Tax Changes for Newly Weds
Taxes may not be high on your summer wedding plan checklist. Yet, you should be aware of the tax issues that relate to marriage. The IRS Summertime Tax Tip 2014-02 provides the following tips to keep issues to the minimum:
Name change. If you change your name, report it to the SSA by filing out the Form SS-5, Application for a Social Security Card. The names and Social Security numbers on your tax return must match your Social Security Administration records.
Change tax withholding. A change in your marital status means you must give your employer a new Form W-4. If you and your spouse both work, your combined incomes may move you into a higher tax bracket, necessitating a higher rate of withholding.
Changes in circumstances. If you receive advance payment of the premium tax credit in 2014, it is important that you report changes in circumstances, such as changes in your income or family size, to your Health Insurance Marketplace. You should also notify the Marketplace when you move out of the area covered by your current Marketplace plan.

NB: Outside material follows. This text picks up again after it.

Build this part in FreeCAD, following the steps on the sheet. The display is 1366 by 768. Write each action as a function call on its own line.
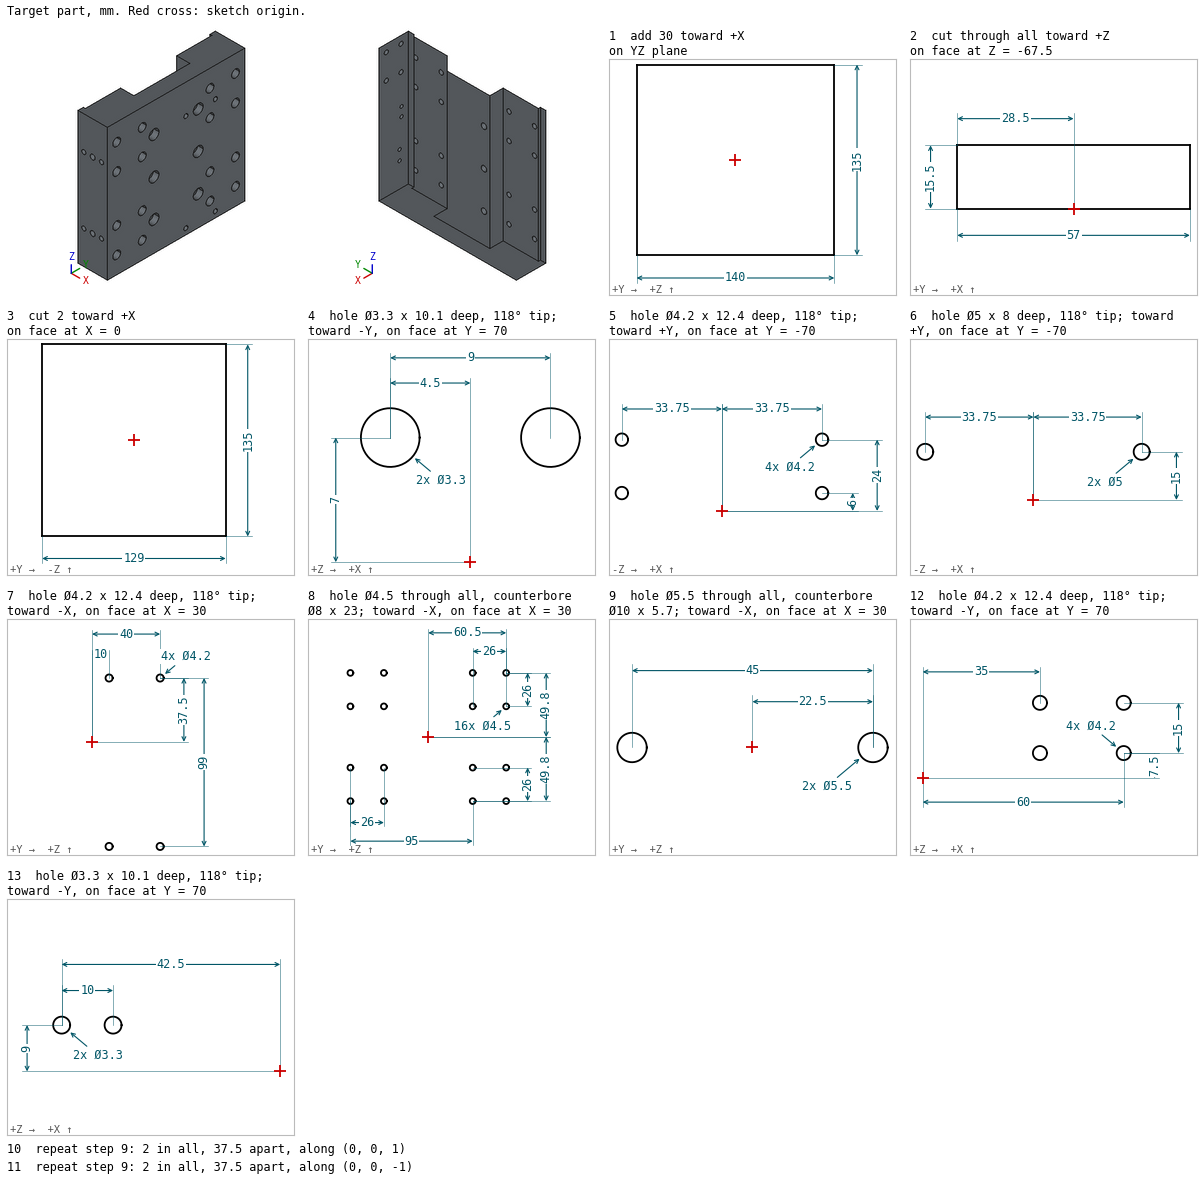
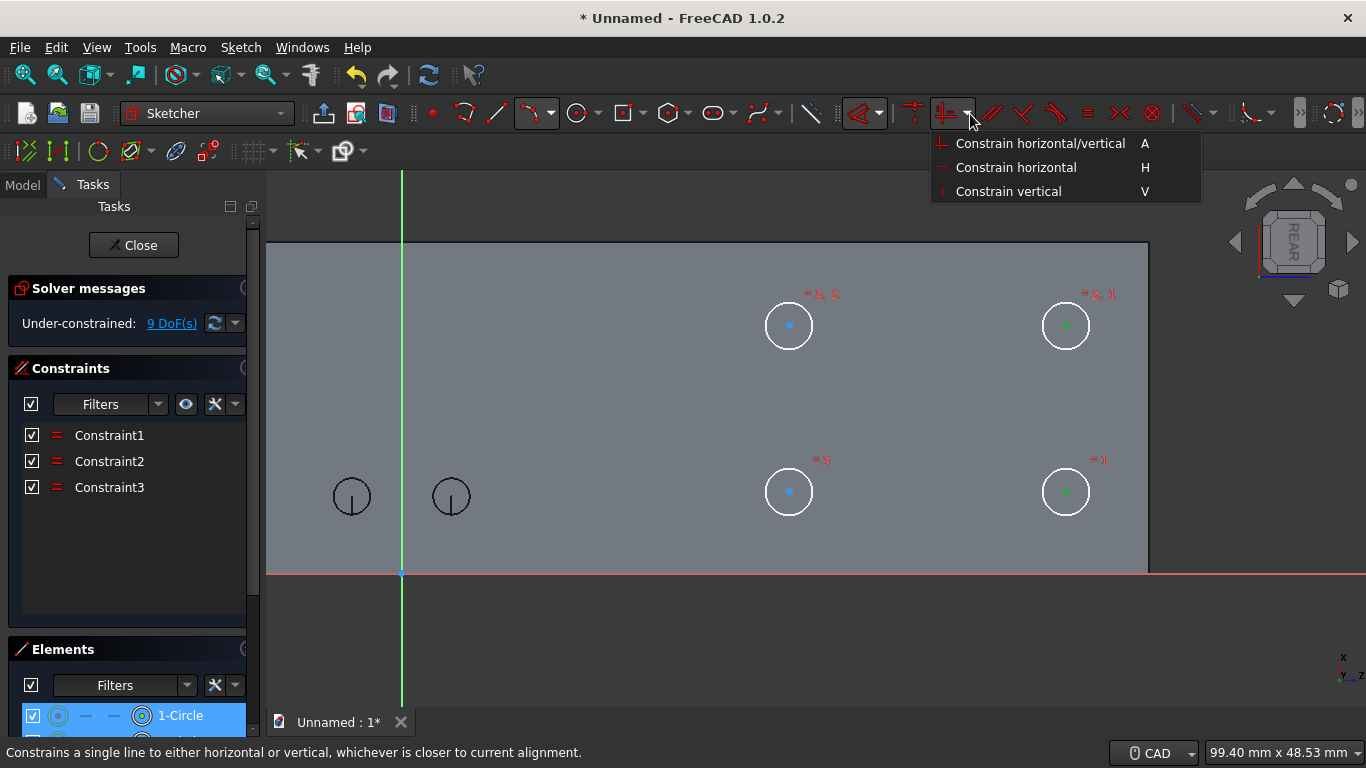
click(1066, 191)
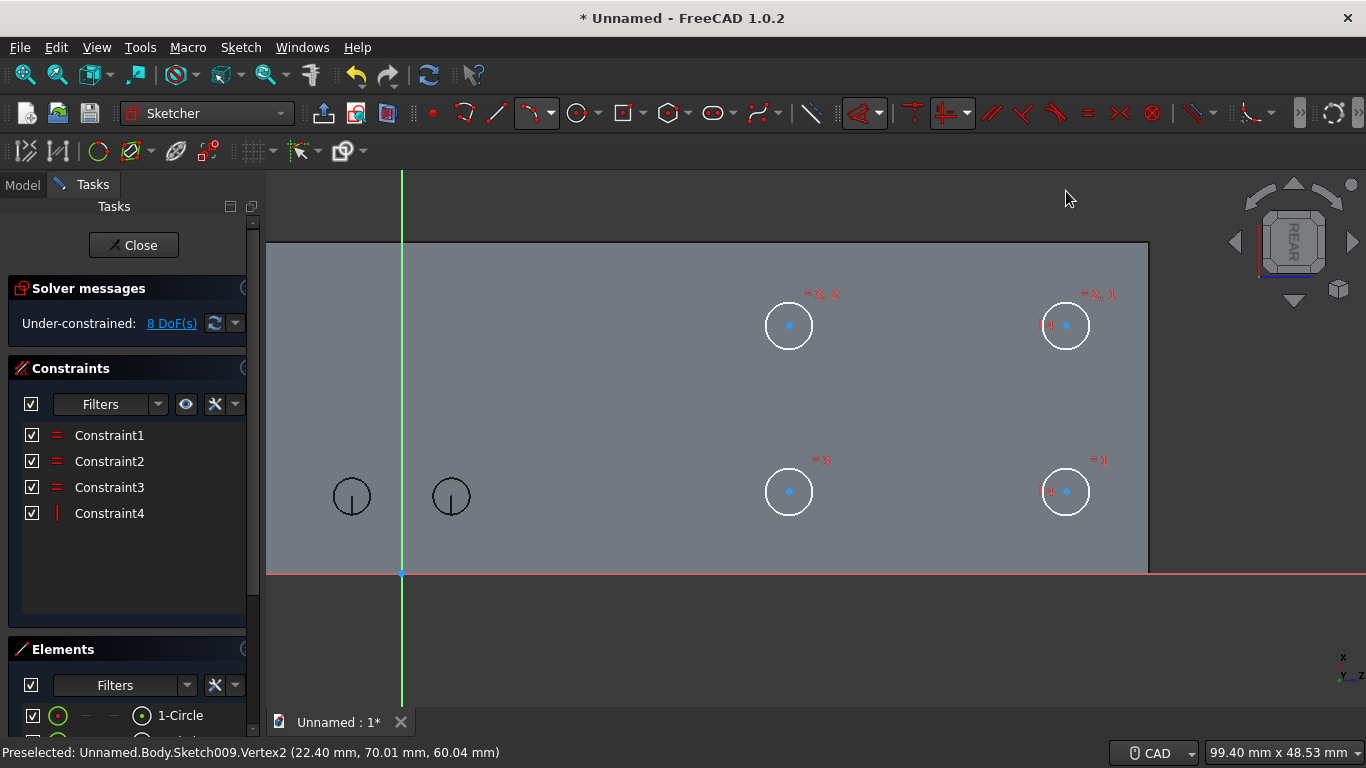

Address change. Let the IRS know if your address changes. To do that, file Form 8822, Change of Address, with the IRS.
Change in filing status. If you’re married as of Dec. 31, that’s your marital status for the whole year for tax purposes. You and your spouse can choose to file your federal income tax return either jointly or separately each year. You may want to figure the tax both ways to find out which status results in the lowest tax.
Note for same-sex married couples: If you are legally married in a state or country that recognizes same-sex marriage, you generally must file as married on your federal tax return. This is true even if you and your spouse later live in a state or country that does not recognize same-sex marriage.